I’ve been awarded the inaugural Internationalen Wissenschaftspreis der Deutschen Geographie (International Science Award of German Geography) by the Frithjof Voss Stiftung, and the Prize was presented at the Closing Ceremony of the IGC in Cologne yesterday (30 August).  The award is to be made every four years and ‘honours the lifetime achievements of foreign scientists whose merit lies in their applied research and contribution towards building links between international geography and German-speaking geography.’

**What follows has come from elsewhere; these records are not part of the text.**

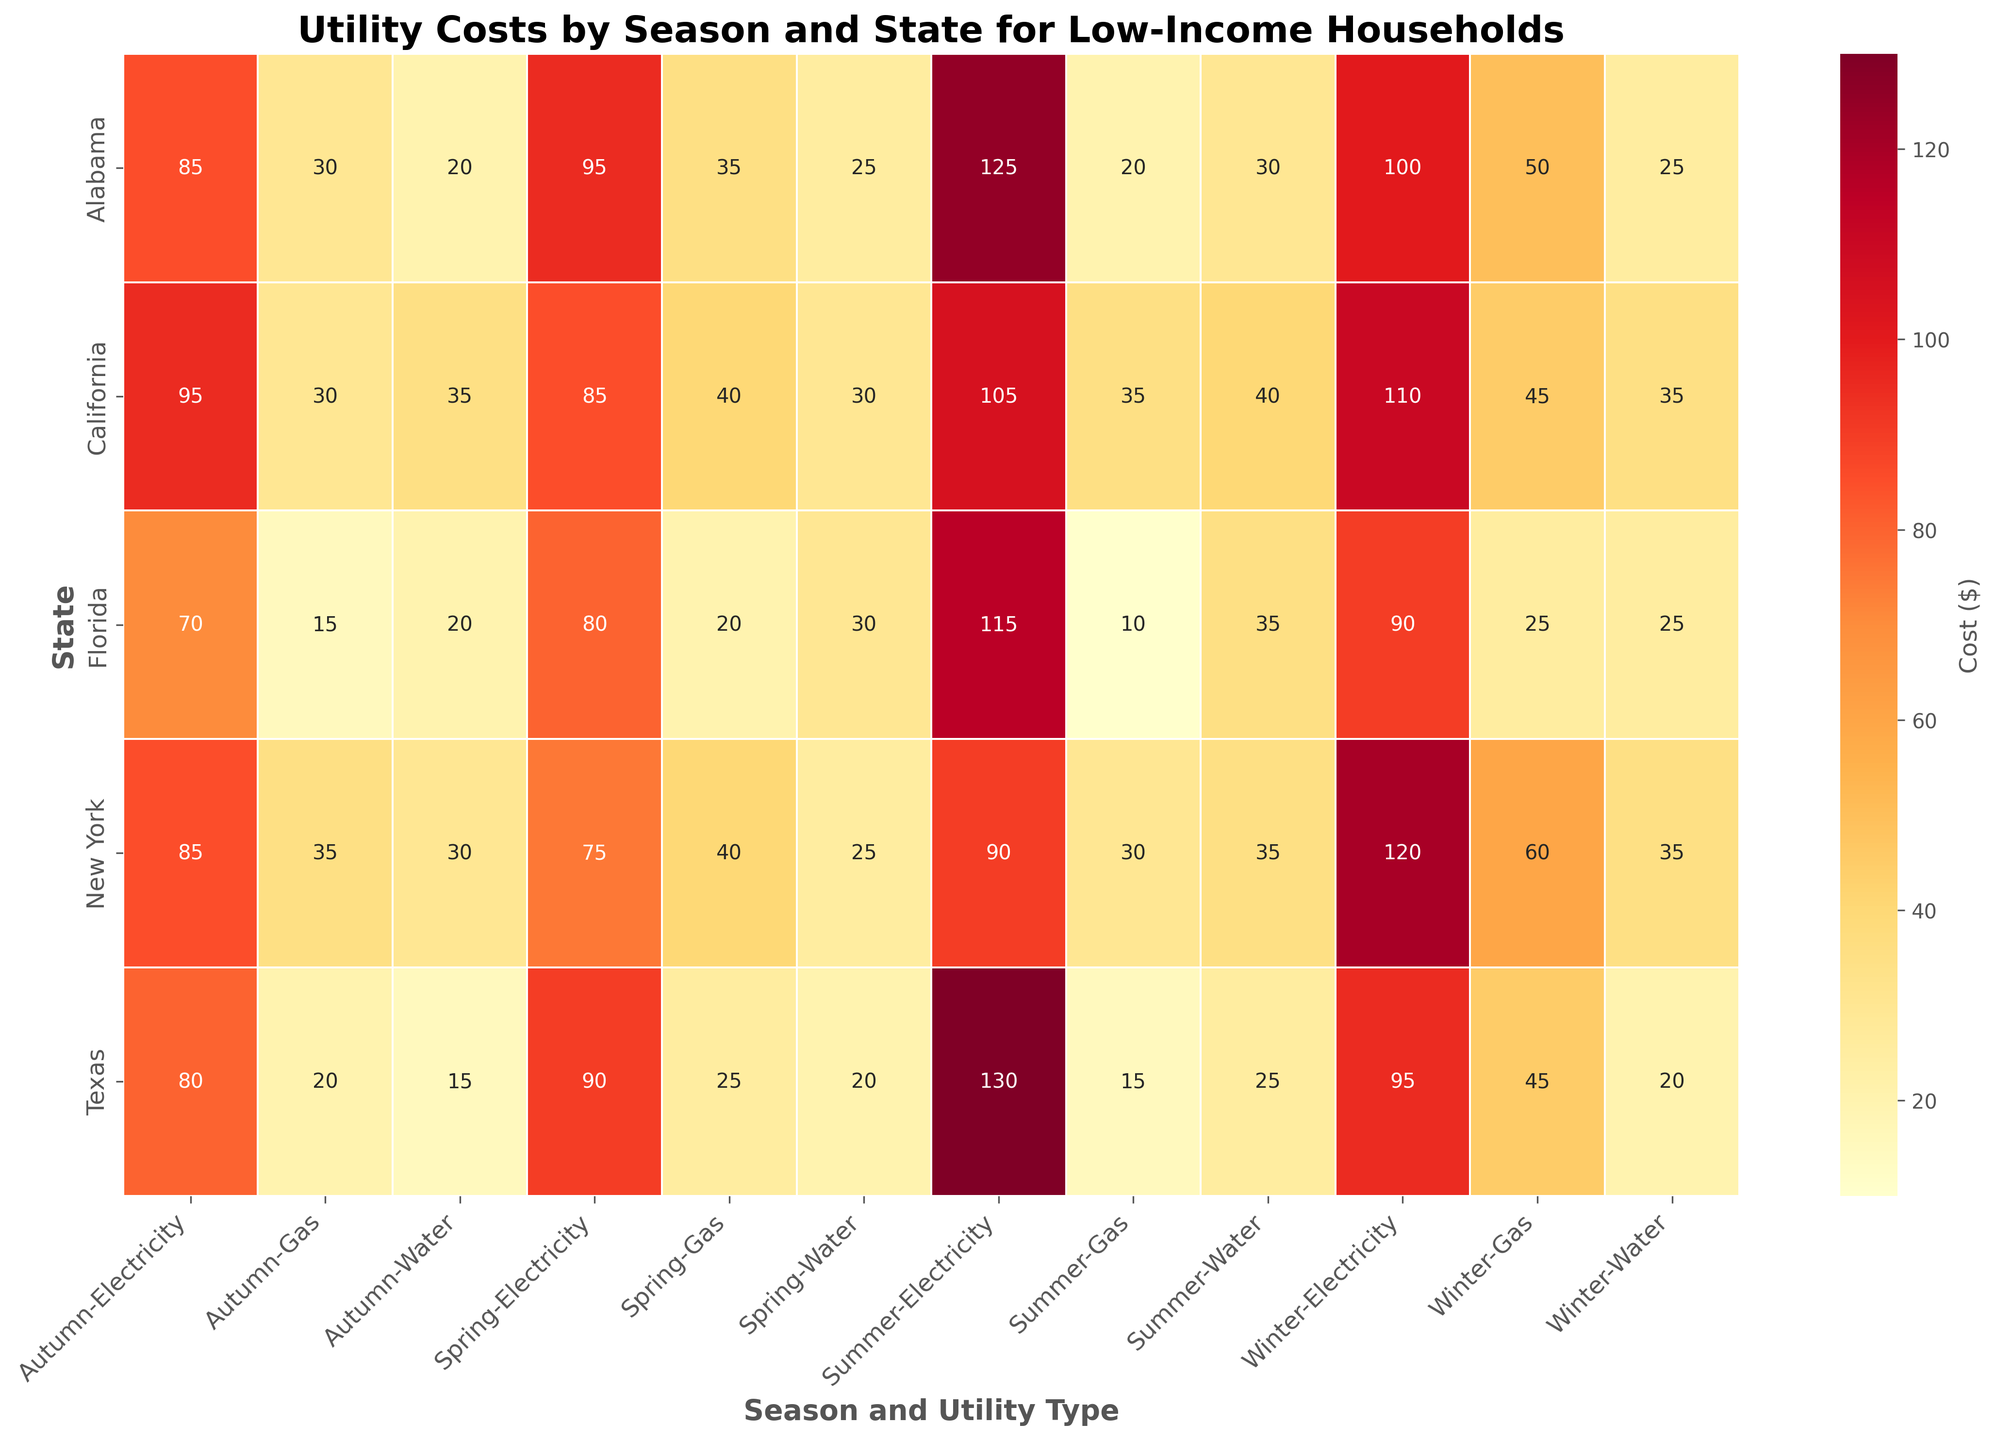What's the total utility cost for Alabama in the winter? Look at the intersection of Alabama and the Winter columns for all utility types (Electricity, Gas, Water). Sum these values: 100 (Electricity) + 50 (Gas) + 25 (Water) = 175.
Answer: 175 Which season has the highest electricity cost in Texas? Check the intersection of Texas and the four seasons for Electricity. Spring: 90, Summer: 130, Autumn: 80, Winter: 95. Summer has the highest electricity cost.
Answer: Summer Is the gas cost higher in New York or Florida during autumn? Compare the values at the intersection of Autumn and Gas for New York and Florida. New York: 35, Florida: 15. New York has the higher gas cost.
Answer: New York What's the average utility cost for Water across all seasons in California? Extract the Water costs for California in all seasons: 30 (Spring), 40 (Summer), 35 (Autumn), 35 (Winter). Average = (30 + 40 + 35 + 35) / 4 = 35.
Answer: 35 Which state has the lowest summer gas cost? Find the minimum value for Gas in Summer across all states. Alabama: 20, California: 35, Texas: 15, New York: 30, Florida: 10. Florida has the lowest summer gas cost.
Answer: Florida In which season is the utility cost for electricity and water combined highest in New York? Sum the electricity and water costs for each season in New York. 
- Spring: 75 + 25 = 100
- Summer: 90 + 35 = 125
- Autumn: 85 + 30 = 115
- Winter: 120 + 35 = 155
Winter has the highest combined cost.
Answer: Winter How much more does it cost for gas in Texas in the winter than in the summer? Subtract the summer gas cost from the winter gas cost in Texas. Winter: 45, Summer: 15. Difference = 45 - 15 = 30.
Answer: 30 What's the most expensive utility type for low-income households in Alabama during autumn? Identify the highest cost among the utilities in Alabama during autumn. Electricity: 85, Gas: 30, Water: 20. Electricity is the most expensive.
Answer: Electricity Which state has the highest spring water cost? Find the maximum value for Water in Spring across all states. Alabama: 25, California: 30, Texas: 20, New York: 25, Florida: 30. California and Florida both have the highest spring water cost at 30.
Answer: California and Florida What's the difference between the highest and lowest electricity costs across all states and seasons? Identify the highest and lowest electricity costs from all entries. Highest: Texas in Summer (130). Lowest: Florida in Autumn (70). Difference = 130 - 70 = 60.
Answer: 60 
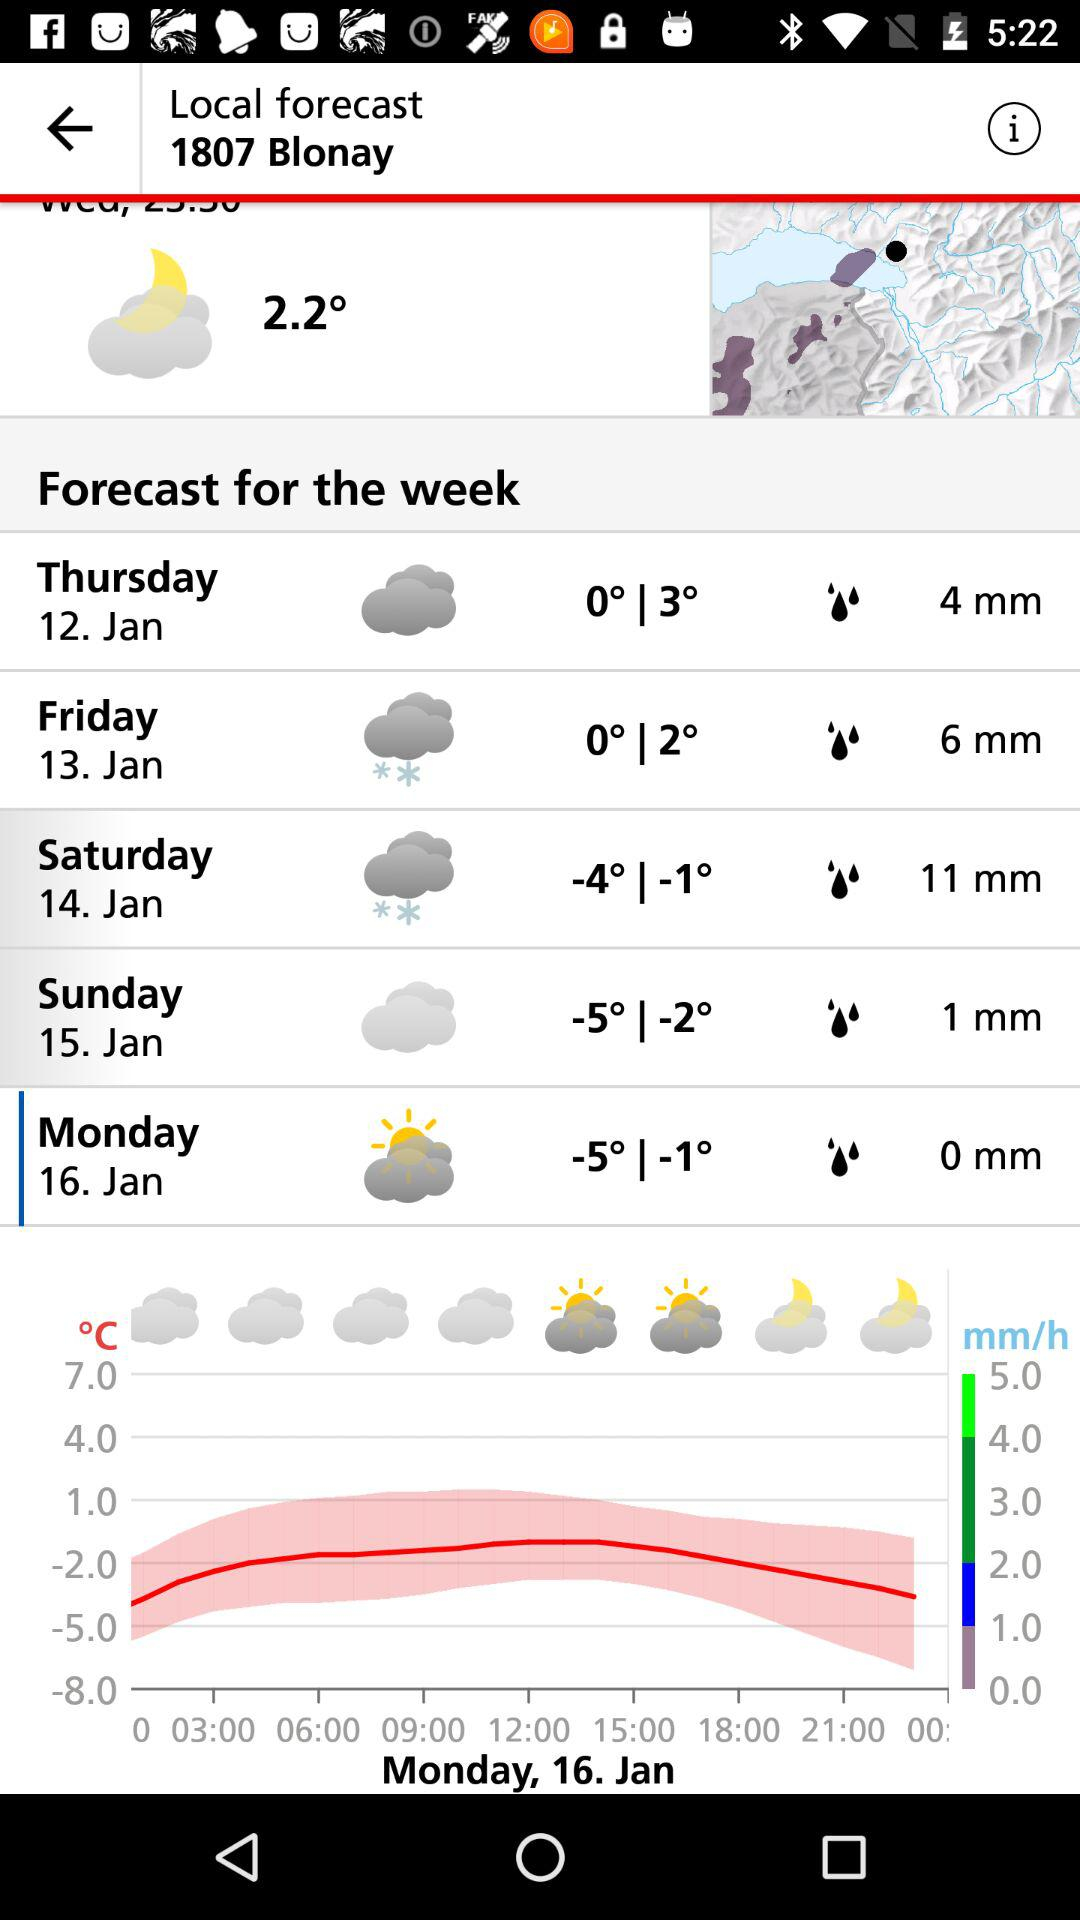What is the temperature on Thursday? The temperature on Thursday is 0° to 3°. 
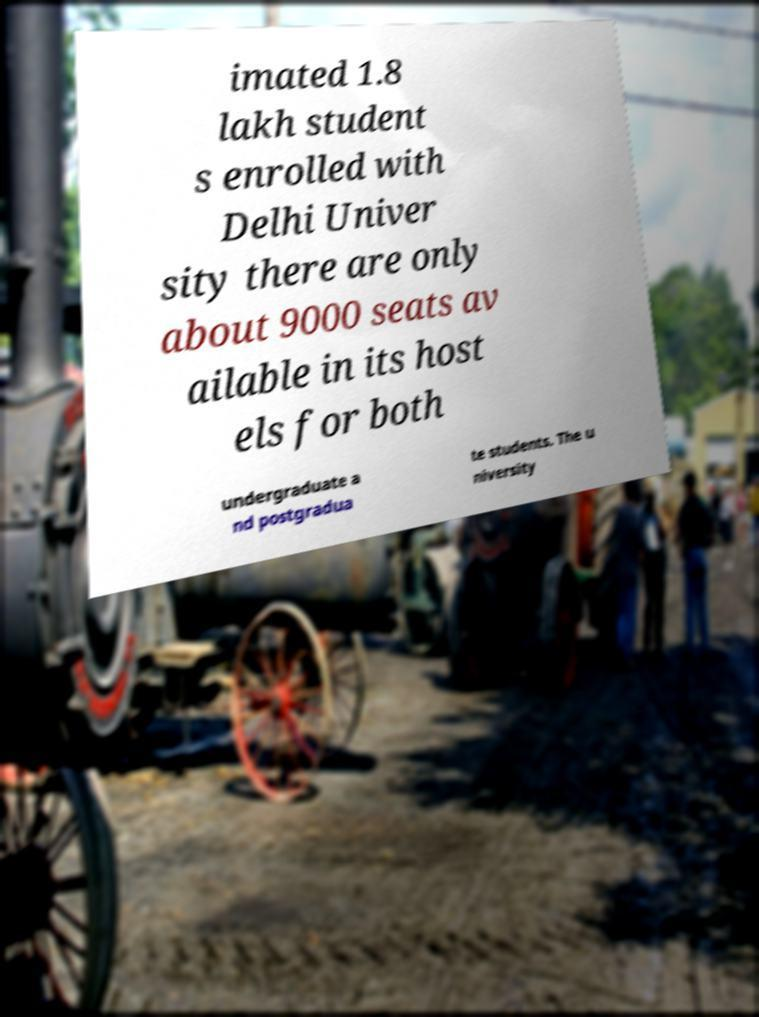There's text embedded in this image that I need extracted. Can you transcribe it verbatim? imated 1.8 lakh student s enrolled with Delhi Univer sity there are only about 9000 seats av ailable in its host els for both undergraduate a nd postgradua te students. The u niversity 
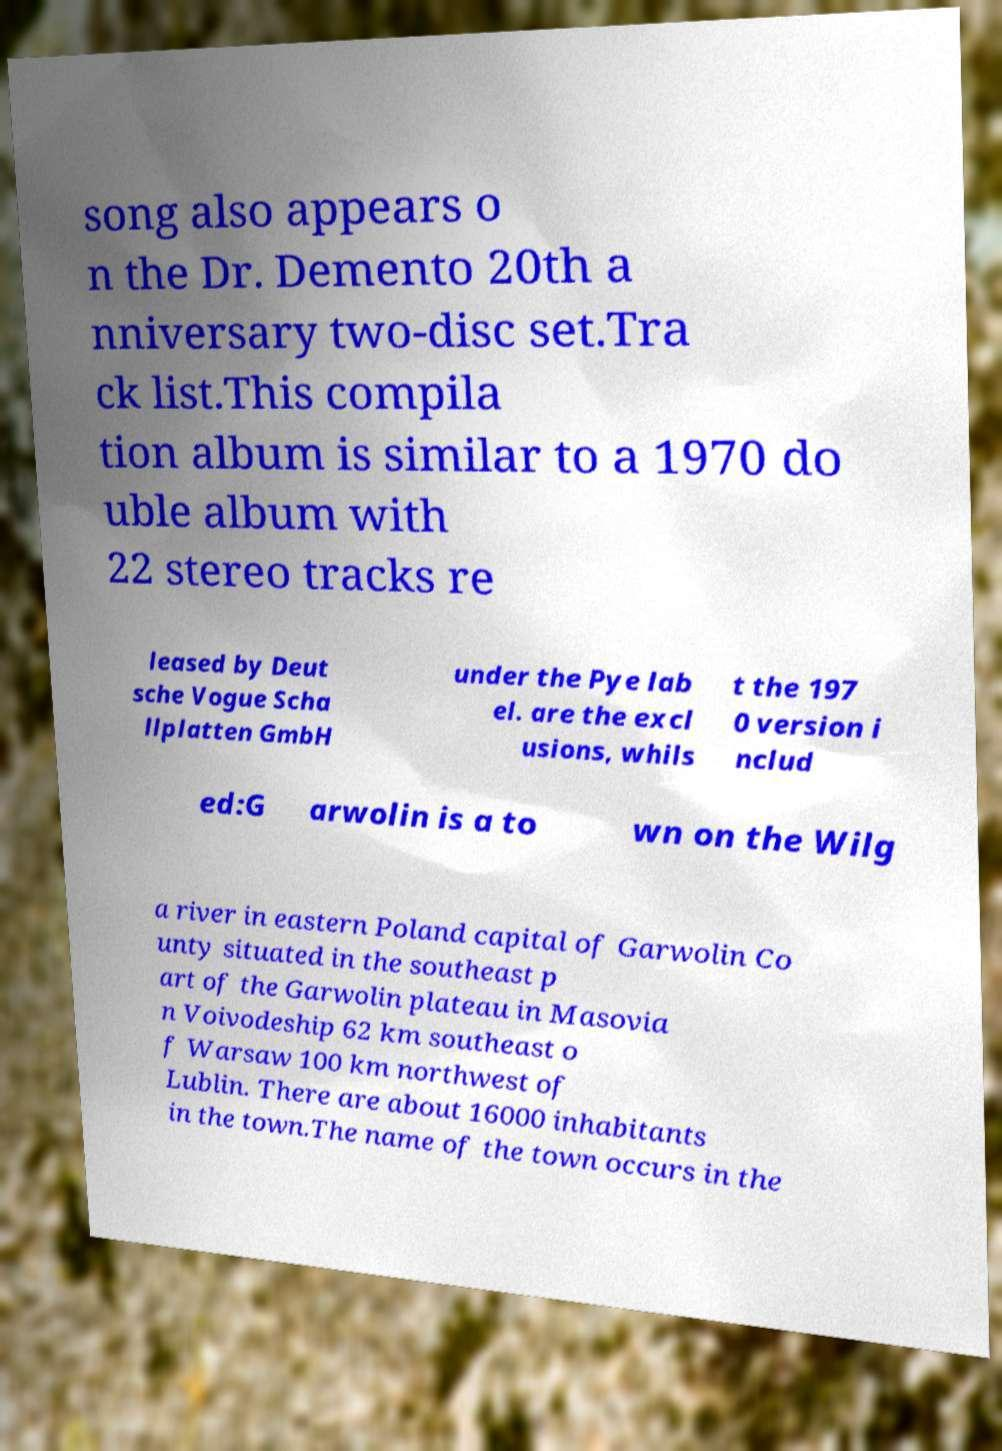Could you extract and type out the text from this image? song also appears o n the Dr. Demento 20th a nniversary two-disc set.Tra ck list.This compila tion album is similar to a 1970 do uble album with 22 stereo tracks re leased by Deut sche Vogue Scha llplatten GmbH under the Pye lab el. are the excl usions, whils t the 197 0 version i nclud ed:G arwolin is a to wn on the Wilg a river in eastern Poland capital of Garwolin Co unty situated in the southeast p art of the Garwolin plateau in Masovia n Voivodeship 62 km southeast o f Warsaw 100 km northwest of Lublin. There are about 16000 inhabitants in the town.The name of the town occurs in the 
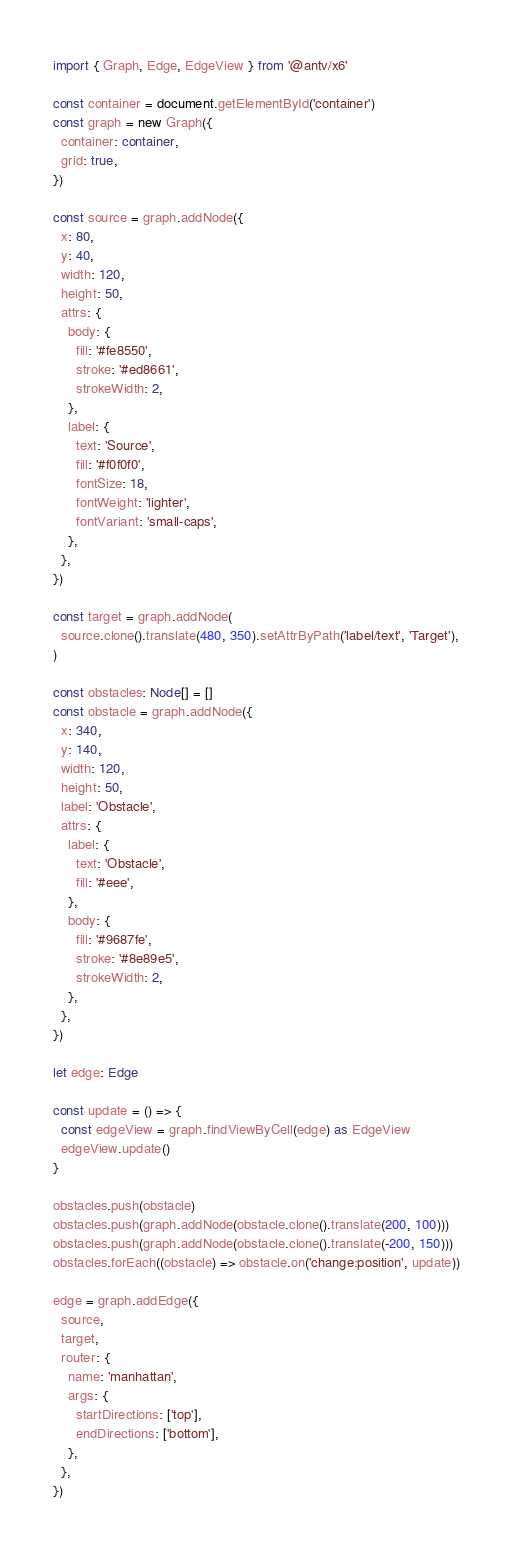Convert code to text. <code><loc_0><loc_0><loc_500><loc_500><_TypeScript_>import { Graph, Edge, EdgeView } from '@antv/x6'

const container = document.getElementById('container')
const graph = new Graph({
  container: container,
  grid: true,
})

const source = graph.addNode({
  x: 80,
  y: 40,
  width: 120,
  height: 50,
  attrs: {
    body: {
      fill: '#fe8550',
      stroke: '#ed8661',
      strokeWidth: 2,
    },
    label: {
      text: 'Source',
      fill: '#f0f0f0',
      fontSize: 18,
      fontWeight: 'lighter',
      fontVariant: 'small-caps',
    },
  },
})

const target = graph.addNode(
  source.clone().translate(480, 350).setAttrByPath('label/text', 'Target'),
)

const obstacles: Node[] = []
const obstacle = graph.addNode({
  x: 340,
  y: 140,
  width: 120,
  height: 50,
  label: 'Obstacle',
  attrs: {
    label: {
      text: 'Obstacle',
      fill: '#eee',
    },
    body: {
      fill: '#9687fe',
      stroke: '#8e89e5',
      strokeWidth: 2,
    },
  },
})

let edge: Edge

const update = () => {
  const edgeView = graph.findViewByCell(edge) as EdgeView
  edgeView.update()
}

obstacles.push(obstacle)
obstacles.push(graph.addNode(obstacle.clone().translate(200, 100)))
obstacles.push(graph.addNode(obstacle.clone().translate(-200, 150)))
obstacles.forEach((obstacle) => obstacle.on('change:position', update))

edge = graph.addEdge({
  source,
  target,
  router: {
    name: 'manhattan',
    args: {
      startDirections: ['top'],
      endDirections: ['bottom'],
    },
  },
})
</code> 
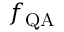<formula> <loc_0><loc_0><loc_500><loc_500>f _ { Q A }</formula> 
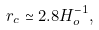Convert formula to latex. <formula><loc_0><loc_0><loc_500><loc_500>r _ { c } \simeq 2 . 8 H _ { o } ^ { - 1 } ,</formula>

I’m really, really honoured by this.  I’ve valued my exchanges with German-speaking geographers for several decades now.  Before I left Cambridge for Vancouver in 1989 I had already come to know Benno Werlen, Dagmar Reichert and others, and in 1997 I was invited to give the first Hettner Lecture at Heidelberg.  I shall never forget that first visit.  I was staying in a hotel in the Old Town, in a large room tucked underneath the eaves, and I’d left the text of my lecture open on a bed while I was taken on a field excursion.  It rained solidly all day, and when I climbed the stairs to my room I was wet through; as I opened the door a hole appeared in the ceiling – it was a very old hotel – and water cascaded down onto the bed.  As I watched, the text of my lecture literally dissolved before my eyes.  (Probably the first time I thought that physical geography might have an impact on human geography).  I dashed downstairs and said in my best but rather frantic schoolboy German, “The rain is inside my room”, to which the gracious woman behind the desk – who had patiently been correcting my grammar and vocabulary ever since I arrived – replied (in German) “No, it is raining outside…”  I half-dragged her up the stairs,threw the door open, and she said – to my horrified satisfaction – “The rain is inside your room!!” Fortunately I had another copy of the lecture (Rule No. 1: always have a back-up).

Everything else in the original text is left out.